September 8, 2005
Trumped
Pentecost 17/19A
The grace of God is not about magic and certainly not about anything easy. It’s about something simple, that God can be trusted, but not taken for granted. It’s what can be called a “difficult simplicity.”
One discovers this fact of life along a way that twists and turns, where Yogi Berra’s advice, “When you come to a fork in the road, take it,” makes perfect sense. It is what those early disciples first called “The Way,” and what we later unfortunately called “Christianity.” We might better have stayed with them. For “The Way” is a name that catches all the delicious ambiguity of the Gospel, doesn’t lend itself to the outrageous misuse of the label “Christian,” and most nearly follows Yogi’s exegesis.
To be forgiven is to be found by the grace of God. It is, like C S Lewis, to be “surprised by joy.” It is not to care whether light is wave or particle, but to celebrate gladly that there is light at all, and that it’s suddenly bathing and basking in our corner of life. God’s offer (aka Holy Spirit) is there for all. Whether all accept it is another matter.
Peter seemed not so sure. He, like a lot of his type today, was not into ambiguity. He didn’t appear to have anything against forgiving, he just wanted to be careful not to overdo it. He didn’t ask Jesus whether to forgive, he simply wanted to know how much. “Lord, how often shall my brother sin against me, and I forgive him? As many as seven times?” (Mt 18.21)
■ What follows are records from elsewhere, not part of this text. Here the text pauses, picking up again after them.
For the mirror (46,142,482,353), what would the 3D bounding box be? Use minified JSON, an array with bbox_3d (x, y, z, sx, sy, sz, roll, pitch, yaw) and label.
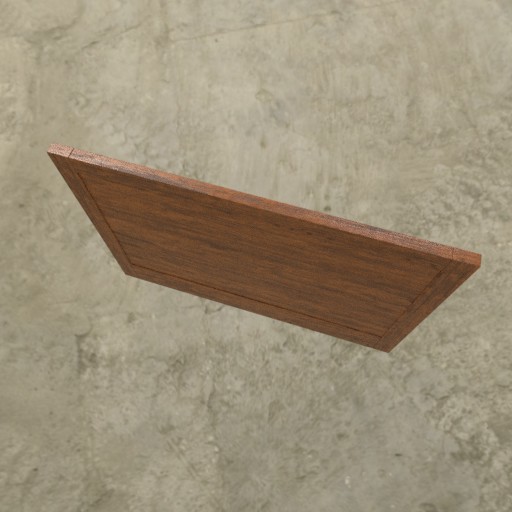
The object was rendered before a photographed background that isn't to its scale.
[{"bbox_3d":[0.000,0.000,0.997,0.758,0.537,0.084,16,65,8],"label":"mirror"}]
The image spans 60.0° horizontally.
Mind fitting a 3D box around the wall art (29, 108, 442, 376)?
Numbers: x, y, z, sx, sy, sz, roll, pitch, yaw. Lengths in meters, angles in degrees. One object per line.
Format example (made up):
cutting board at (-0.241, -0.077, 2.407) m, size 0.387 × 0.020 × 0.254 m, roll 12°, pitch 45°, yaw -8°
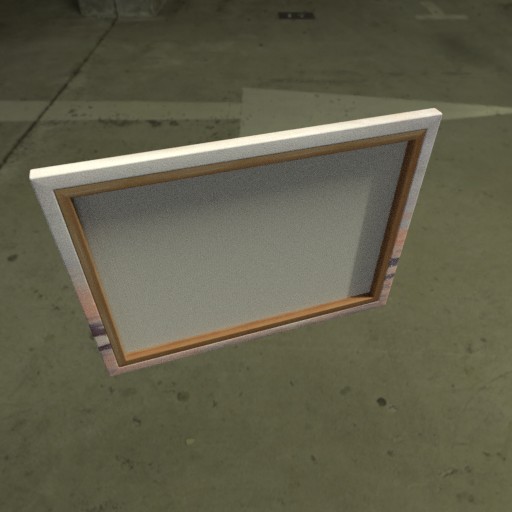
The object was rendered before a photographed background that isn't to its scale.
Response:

Jesus’ answer of 490 times probably pleased him immensely, not because it surely overtaxed his capacities, but because Jesus gave him the kind of left-brain teaser he really cherished. Whether Peter would climb all over his brother on number 491 or whether Jesus put any limit at all on redemption is not mentioned. Neither is there any reference to what must surely have been Peter’s immense pleasure over Jesus restoring him to the fellowship after a mere three betrayals — and actually giving him the keys to the clubhouse, to boot.
Forgiveness never comes easy — either giving it nor, especially, receiving it. The sin against the Holy Spirit, the so-called unforgivable sin, is precisely that not because God won’t forgive us, but because we won’t accept such reconciliation into God’s graces. By God’s imagining of us, we are free to choose. And that means we are free to refuse even God’s forgiveness.
Forgiveness, of course, never means to forget, nor does it mean there aren’t consequences nor punishments. What it does mean is that the connections are opened and kept open, the channels of communication are freed up, the vision, the eye-to-eye remains clear, the arms are open for embrace.
And forgiveness never means there are no risks. For the same painful exchange that created the need in the first place might well happen again. But, as well, the lack of forgiveness never means there is love or no grace, just that the love, the grace cannot break through to start its healing nourishment.
For we are the way God forgives. It is through you and me that God’s grace is known. It is when we — in the words of our baptismal covenant — “seek and serve Christ” in the other that grace explodes into our lives, and we are overwhelmed by it.
But then, if we just can’t buy all this, there’s always Oscar Wilde’s admonition that no less a worthy than St Paul confirmed. “Always forgive your enemies,” said Wilde, “nothing annoys them so much.” Whether or not he’d read St Paul, he was coming from the same place. Only Paul must have been beyond simply annoying somebody when he wrote, “If your enemy is hungry, feed him; if he is thirsty, give him drink; for by so doing you will heap burning coals upon his head” (Rms 12.20). Well, we might add, it could be a lot worse.
But then, Jesus trumped the both of them and all the rest of us when he said, simply, “Love your enemies” (Mt 5.44).